The Holiday Diet

It’s that wonderful time of the year again! Time with loved one’s is the best part of the holiday
season, and a time that most of us always look forward too. It is a typically a festive and happy time and
there are many things that come with it. Two of those are a busy schedule and a lot of really great food.
Those of us that try to keep a healthy life style normally dread that part of the holidays. But, honestly,
it really isn’t necessary. There are a quite a few great strategies that will allow you to have your pie and
eat it too.

The first is exercise. I know, but you’re busier during the holidays and you don’t have
time…..Sure you do. You may just need to makes some adjustments. If you do have the time to continue
your full workouts, it is probably the single best thing that you can do during the holidays. But, if like
most, your schedule is tight, then simply shorten your workouts to the 3-4 most important/effective
things. Here are a few suggestions:

Squats, squats, squats- they are a tremendous exercise that work your entire body

Chin-ups, even if you need assistance

Push-ups

Try to get to max HR twice per week. Interval training is a great way to do this and if you do
it correctly you can be done with your workout in about 10 minutes. Try 40 second of squat
jumps, 20 seconds of chin-ups and 20 seconds of push-ups then rest 40 seconds and repeat
until you reach HR max.

Park your car in the parking place as far from the door of the shopping center as possible.
You will get your walking in, you will get some grip work in (grip strength is highly correlated
with risk of disability later in life), and it will encourage you to by smaller (and fewer) gifts

DO NOT SKIP YOUR WORKOUT ON A PARTY DAY. Even if you just walk for 30 minutes the
day of a party, it will help offset the effects of the food…and the beverages.

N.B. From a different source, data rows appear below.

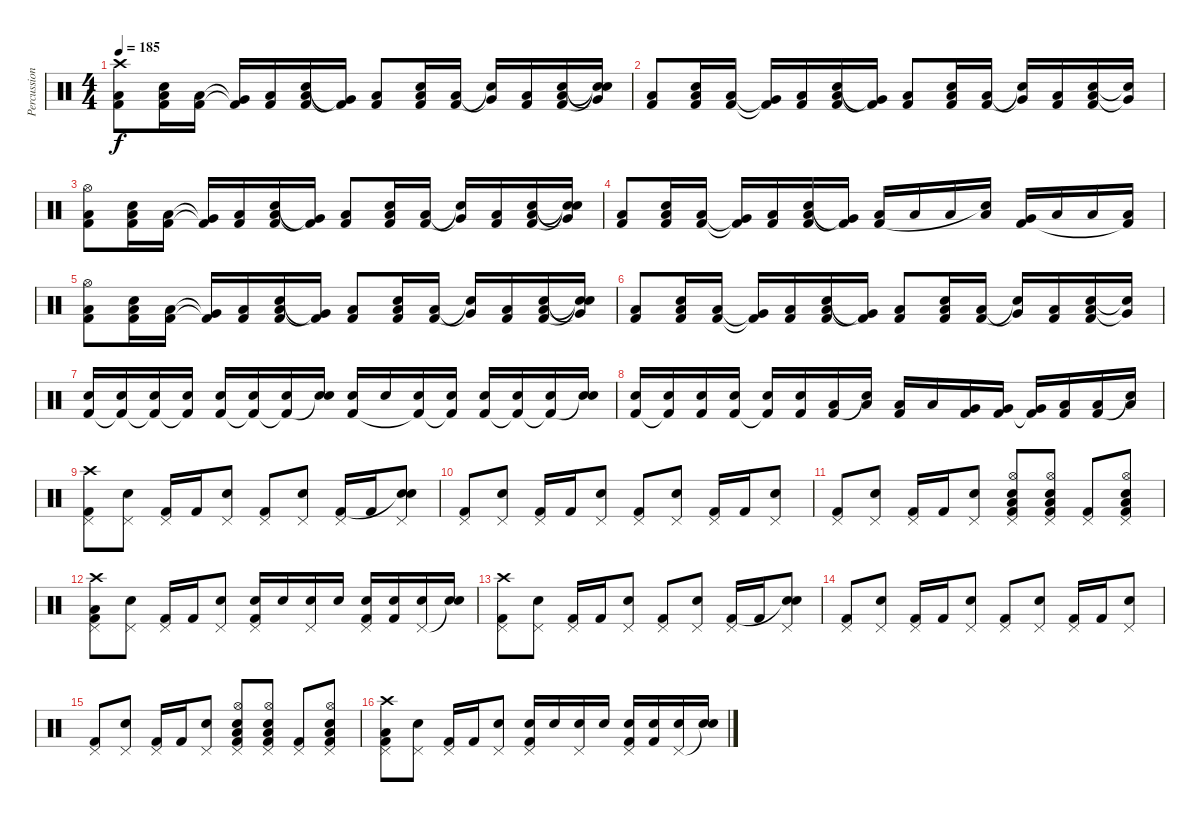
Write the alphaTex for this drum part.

\track ("Percussions" "Percussion") {instrument percussion}
\staff {score}
\articulation defaults
\ts (4 4)
\tempo 185
\clef neutral
\ks c
("Crash high (hit)" "Low Tom (hit)" "Kick (hit) 2").8{dy f} ("Low Floor Tom (hit)" "Snare (hit) 2" "Kick (hit) 2").16 ("Low Floor Tom (hit)" "Kick (hit) 2").16 ("Very Low Tom (hit)"{t} "Kick (hit) 2"{t}).16 ("Low Floor Tom (hit)" "Kick (hit) 2").16 ("Low Floor Tom (hit)" "Snare (hit) 2" "Kick (hit) 2").16 ("Very Low Tom (hit)"{t} "Kick (hit) 2"{t}).16 ("Low Tom (hit)" "Kick (hit) 2").8 ("Low Floor Tom (hit)" "Snare (hit) 2" "Kick (hit) 2").16 ("Low Floor Tom (hit)" "Kick (hit) 2").16 ("Very Low Tom (hit)"{t} "Snare (hit)"{t}).16 ("Low Floor Tom (hit)" "Kick (hit) 2").16 ("Low Floor Tom (hit)" "Snare (hit) 2" "Kick (hit) 2").16 ("Snare (hit)"{t} "Very Low Tom (hit)"{t} "Snare (hit)"{t}).16 |
("Low Tom (hit)" "Kick (hit) 2").8 ("Low Floor Tom (hit)" "Snare (hit) 2" "Kick (hit) 2").16 ("Low Floor Tom (hit)" "Kick (hit) 2").16 ("Very Low Tom (hit)"{t} "Kick (hit) 2"{t}).16 ("Low Floor Tom (hit)" "Kick (hit) 2").16 ("Low Floor Tom (hit)" "Snare (hit) 2" "Kick (hit) 2").16 ("Very Low Tom (hit)"{t} "Kick (hit) 2"{t}).16 ("Low Tom (hit)" "Kick (hit) 2").8 ("Low Floor Tom (hit)" "Snare (hit) 2" "Kick (hit) 2").16 ("Low Floor Tom (hit)" "Kick (hit) 2").16 ("Very Low Tom (hit)"{t} "Snare (hit)"{t}).16 ("Low Floor Tom (hit)" "Kick (hit) 2").16 ("Low Floor Tom (hit)" "Snare (hit) 2" "Kick (hit) 2").16 ("Very Low Tom (hit)"{t} "Snare (hit)"{t}).16 |
("Hi-Hat (open)" "Low Tom (hit)" "Kick (hit) 2").8 ("Low Floor Tom (hit)" "Snare (hit) 2" "Kick (hit) 2").16 ("Low Floor Tom (hit)" "Kick (hit) 2").16 ("Very Low Tom (hit)"{t} "Kick (hit) 2"{t}).16 ("Low Floor Tom (hit)" "Kick (hit) 2").16 ("Low Floor Tom (hit)" "Snare (hit) 2" "Kick (hit) 2").16 ("Very Low Tom (hit)"{t} "Kick (hit) 2"{t}).16 ("Low Tom (hit)" "Kick (hit) 2").8 ("Low Floor Tom (hit)" "Snare (hit) 2" "Kick (hit) 2").16 ("Low Floor Tom (hit)" "Kick (hit) 2").16 ("Very Low Tom (hit)"{t} "Snare (hit)"{t}).16 ("Low Floor Tom (hit)" "Kick (hit) 2").16 ("Low Floor Tom (hit)" "Snare (hit) 2" "Kick (hit) 2").16 ("Snare (hit)"{t} "Very Low Tom (hit)"{t} "Snare (hit)"{t}).16 |
("Low Tom (hit)" "Kick (hit) 2").8 ("Low Floor Tom (hit)" "Snare (hit) 2" "Kick (hit) 2").16 ("Low Floor Tom (hit)" "Kick (hit) 2").16 ("Very Low Tom (hit)"{t} "Kick (hit) 2"{t}).16 ("Low Floor Tom (hit)" "Kick (hit) 2").16 ("Low Floor Tom (hit)" "Snare (hit) 2" "Kick (hit) 2").16 ("Very Low Tom (hit)"{t} "Kick (hit) 2"{t}).16 ("Low Tom (hit)" "Kick (hit) 2").16 "Low Tom (hit)".16 "Low Tom (hit)".16 ("Low Tom (hit)" "Snare (hit)"{t}).16 ("Very Low Tom (hit)" "Kick (hit) 2").16 "Low Floor Tom (hit)".16 "Low Floor Tom (hit)".16 ("Low Floor Tom (hit)" "Kick (hit) 2"{t}).16 |
("Hi-Hat (open)" "Low Tom (hit)" "Kick (hit) 2").8 ("Low Floor Tom (hit)" "Snare (hit) 2" "Kick (hit) 2").16 ("Low Floor Tom (hit)" "Kick (hit) 2").16 ("Very Low Tom (hit)"{t} "Kick (hit) 2"{t}).16 ("Low Floor Tom (hit)" "Kick (hit) 2").16 ("Low Floor Tom (hit)" "Snare (hit) 2" "Kick (hit) 2").16 ("Very Low Tom (hit)"{t} "Kick (hit) 2"{t}).16 ("Low Tom (hit)" "Kick (hit) 2").8 ("Low Floor Tom (hit)" "Snare (hit) 2" "Kick (hit) 2").16 ("Low Floor Tom (hit)" "Kick (hit) 2").16 ("Very Low Tom (hit)"{t} "Snare (hit)"{t}).16 ("Low Floor Tom (hit)" "Kick (hit) 2").16 ("Low Floor Tom (hit)" "Snare (hit) 2" "Kick (hit) 2").16 ("Snare (hit)"{t} "Very Low Tom (hit)"{t} "Snare (hit)"{t}).16 |
("Low Tom (hit)" "Kick (hit) 2").8 ("Low Floor Tom (hit)" "Snare (hit) 2" "Kick (hit) 2").16 ("Low Floor Tom (hit)" "Kick (hit) 2").16 ("Very Low Tom (hit)"{t} "Kick (hit) 2"{t}).16 ("Low Floor Tom (hit)" "Kick (hit) 2").16 ("Low Floor Tom (hit)" "Snare (hit) 2" "Kick (hit) 2").16 ("Very Low Tom (hit)"{t} "Kick (hit) 2"{t}).16 ("Low Tom (hit)" "Kick (hit) 2").8 ("Low Floor Tom (hit)" "Snare (hit) 2" "Kick (hit) 2").16 ("Low Floor Tom (hit)" "Kick (hit) 2").16 ("Very Low Tom (hit)"{t} "Snare (hit)"{t}).16 ("Low Floor Tom (hit)" "Kick (hit) 2").16 ("Low Floor Tom (hit)" "Snare (hit) 2" "Kick (hit) 2").16 ("Very Low Tom (hit)"{t} "Snare (hit)"{t}).16 |
("Snare (hit) 2" "Kick (hit) 2").16 ("Snare (hit) 2" "Kick (hit) 2"{t}).16 ("Snare (hit) 2" "Kick (hit) 2"{t}).16 ("Snare (hit) 2" "Kick (hit) 2"{t}).16 ("Snare (hit) 2" "Kick (hit) 2").16 ("Snare (hit) 2" "Kick (hit) 2"{t}).16 ("Snare (hit) 2" "Kick (hit) 2"{t}).16 ("Snare (hit) 2" "Snare (hit)"{t}).16 ("Snare (hit) 2" "Kick (hit) 2").16 "Snare (hit) 2".16 ("Snare (hit) 2" "Kick (hit) 2"{t}).16 ("Snare (hit) 2" "Kick (hit) 2"{t}).16 ("Snare (hit) 2" "Kick (hit) 2").16 ("Snare (hit) 2" "Kick (hit) 2"{t}).16 ("Snare (hit) 2" "Kick (hit) 2"{t}).16 ("Snare (hit) 2" "Snare (hit)"{t}).16 |
("Snare (hit) 2" "Kick (hit) 2").16 ("Snare (hit) 2" "Kick (hit) 2"{t}).16 ("Snare (hit) 2" "Kick (hit) 2").16 ("Snare (hit) 2" "Kick (hit) 2").16 ("Snare (hit) 2" "Kick (hit) 2"{t}).16 ("Snare (hit) 2" "Kick (hit) 2").16 ("Low Tom (hit)" "Kick (hit) 2").16 ("Low Tom (hit)" "Snare (hit)"{t}).16 ("Low Tom (hit)" "Kick (hit) 2").16 "Low Tom (hit)".16 ("Very Low Tom (hit)" "Kick (hit) 2").16 ("Very Low Tom (hit)" "Kick (hit) 2").16 ("Very Low Tom (hit)" "Kick (hit) 2"{t}).16 ("Low Floor Tom (hit)" "Kick (hit) 2").16 ("Low Floor Tom (hit)" "Kick (hit) 2").16 ("Low Floor Tom (hit)" "Snare (hit)"{t}).16 |
("Pedal Hi-Hat (hit)" "Crash high (hit)" "Kick (hit) 2").8 ("Pedal Hi-Hat (hit)" "Snare (hit) 2").8 ("Pedal Hi-Hat (hit)" "Kick (hit) 2").16 "Kick (hit) 2".16 ("Pedal Hi-Hat (hit)" "Snare (hit) 2").8 ("Pedal Hi-Hat (hit)" "Kick (hit) 2").8 ("Pedal Hi-Hat (hit)" "Snare (hit) 2").8 ("Pedal Hi-Hat (hit)" "Kick (hit) 2").16 "Kick (hit) 2".16 ("Pedal Hi-Hat (hit)" "Snare (hit)"{t} "Snare (hit) 2").8 |
("Pedal Hi-Hat (hit)" "Kick (hit) 2").8 ("Pedal Hi-Hat (hit)" "Snare (hit) 2").8 ("Pedal Hi-Hat (hit)" "Kick (hit) 2").16 "Kick (hit) 2".16 ("Pedal Hi-Hat (hit)" "Snare (hit) 2").8 ("Pedal Hi-Hat (hit)" "Kick (hit) 2").8 ("Pedal Hi-Hat (hit)" "Snare (hit) 2").8 ("Pedal Hi-Hat (hit)" "Kick (hit) 2").16 "Kick (hit) 2".16 ("Pedal Hi-Hat (hit)" "Snare (hit) 2").8 |
("Pedal Hi-Hat (hit)" "Kick (hit) 2").8 ("Pedal Hi-Hat (hit)" "Snare (hit) 2").8 ("Pedal Hi-Hat (hit)" "Kick (hit) 2").16 "Kick (hit) 2".16 ("Pedal Hi-Hat (hit)" "Snare (hit) 2").8 ("Pedal Hi-Hat (hit)" "Hi-Hat (open)" "Low Tom (hit)" "Snare (hit) 2" "Kick (hit) 2").8 ("Pedal Hi-Hat (hit)" "Hi-Hat (open)" "Low Tom (hit)" "Snare (hit) 2" "Kick (hit) 2").8 ("Pedal Hi-Hat (hit)" "Kick (hit) 2").8 ("Pedal Hi-Hat (hit)" "Hi-Hat (open)" "Low Tom (hit)" "Snare (hit) 2" "Kick (hit) 2").8 |
("Pedal Hi-Hat (hit)" "Crash high (hit)" "Low Tom (hit)" "Kick (hit) 2").8 ("Pedal Hi-Hat (hit)" "Snare (hit) 2").8 ("Pedal Hi-Hat (hit)" "Kick (hit) 2").16 "Kick (hit) 2".16 ("Pedal Hi-Hat (hit)" "Snare (hit) 2").8 ("Pedal Hi-Hat (hit)" "Snare (hit) 2" "Kick (hit) 2").16 "Snare (hit) 2".16 ("Pedal Hi-Hat (hit)" "Snare (hit) 2").16 "Snare (hit) 2".16 ("Pedal Hi-Hat (hit)" "Snare (hit) 2" "Kick (hit) 2").16 ("Snare (hit) 2" "Kick (hit) 2").16 ("Pedal Hi-Hat (hit)" "Snare (hit) 2").16 ("Snare (hit)"{t} "Snare (hit) 2").16 |
("Pedal Hi-Hat (hit)" "Crash high (hit)" "Kick (hit) 2").8 ("Pedal Hi-Hat (hit)" "Snare (hit) 2").8 ("Pedal Hi-Hat (hit)" "Kick (hit) 2").16 "Kick (hit) 2".16 ("Pedal Hi-Hat (hit)" "Snare (hit) 2").8 ("Pedal Hi-Hat (hit)" "Kick (hit) 2").8 ("Pedal Hi-Hat (hit)" "Snare (hit) 2").8 ("Pedal Hi-Hat (hit)" "Kick (hit) 2").16 "Kick (hit) 2".16 ("Pedal Hi-Hat (hit)" "Snare (hit)"{t} "Snare (hit) 2").8 |
("Pedal Hi-Hat (hit)" "Kick (hit) 2").8 ("Pedal Hi-Hat (hit)" "Snare (hit) 2").8 ("Pedal Hi-Hat (hit)" "Kick (hit) 2").16 "Kick (hit) 2".16 ("Pedal Hi-Hat (hit)" "Snare (hit) 2").8 ("Pedal Hi-Hat (hit)" "Kick (hit) 2").8 ("Pedal Hi-Hat (hit)" "Snare (hit) 2").8 ("Pedal Hi-Hat (hit)" "Kick (hit) 2").16 "Kick (hit) 2".16 ("Pedal Hi-Hat (hit)" "Snare (hit) 2").8 |
("Pedal Hi-Hat (hit)" "Kick (hit) 2").8 ("Pedal Hi-Hat (hit)" "Snare (hit) 2").8 ("Pedal Hi-Hat (hit)" "Kick (hit) 2").16 "Kick (hit) 2".16 ("Pedal Hi-Hat (hit)" "Snare (hit) 2").8 ("Pedal Hi-Hat (hit)" "Hi-Hat (open)" "Low Tom (hit)" "Snare (hit) 2" "Kick (hit) 2").8 ("Pedal Hi-Hat (hit)" "Hi-Hat (open)" "Low Tom (hit)" "Snare (hit) 2" "Kick (hit) 2").8 ("Pedal Hi-Hat (hit)" "Kick (hit) 2").8 ("Pedal Hi-Hat (hit)" "Hi-Hat (open)" "Low Tom (hit)" "Snare (hit) 2" "Kick (hit) 2").8 |
("Pedal Hi-Hat (hit)" "Crash high (hit)" "Low Tom (hit)" "Kick (hit) 2").8 ("Pedal Hi-Hat (hit)" "Snare (hit) 2").8 ("Pedal Hi-Hat (hit)" "Kick (hit) 2").16 "Kick (hit) 2".16 ("Pedal Hi-Hat (hit)" "Snare (hit) 2").8 ("Pedal Hi-Hat (hit)" "Snare (hit) 2" "Kick (hit) 2").16 "Snare (hit) 2".16 ("Pedal Hi-Hat (hit)" "Snare (hit) 2").16 "Snare (hit) 2".16 ("Pedal Hi-Hat (hit)" "Snare (hit) 2" "Kick (hit) 2").16 ("Snare (hit) 2" "Kick (hit) 2").16 ("Pedal Hi-Hat (hit)" "Snare (hit) 2").16 ("Snare (hit)"{t} "Snare (hit) 2").16

Save your cheat days for holiday parties. If you have two that week, pick the one that will have
the best food to use for your cheat day. For the party that is the cheat day, pretty much anything is fair
game (especially if you had a hard workout that day). Do not skip any meals before the party, as this
will make even more ravenous for those bad foods and you’ll end up gorging yourself at the party. In
fact, try having a healthy snack like a piece of turkey with a handful of raw carrots and some guacamole
before you leave for the party. But for the others, there are a few rules:

1. Do not skip any meals before the party, as this will make even more ravenous for those bad
foods and you’ll end up gorging yourself at the party. In fact, try having a healthy snack like
a piece of turkey with a handful of raw carrots and some guacamole before you leave for
the party

2. Use a desert plate as your plate the entire night. If anyone asks, just tell that you like little
plates because they make you feel bigger. All jokes aside, a simple “I am just watching my
weight” will suffice for most. Don’t let those that won’t accept that answer, sabotage your
health with their own.

3. You can make as many rounds as necessary with the desert plate but keep the first two
rounds to meat and vegetables only.

4. After the first two rounds, if you still want the desert, decide which looks like the best
reward for your discipline and try to stick with just the one desert. This will help you get full
before you get to the foods that you shouldn’t eat as much of and will help you cut down on
the damaging effects.

There is only one other rule…GO ENJOY YOUR SELF! And have a great Holiday season!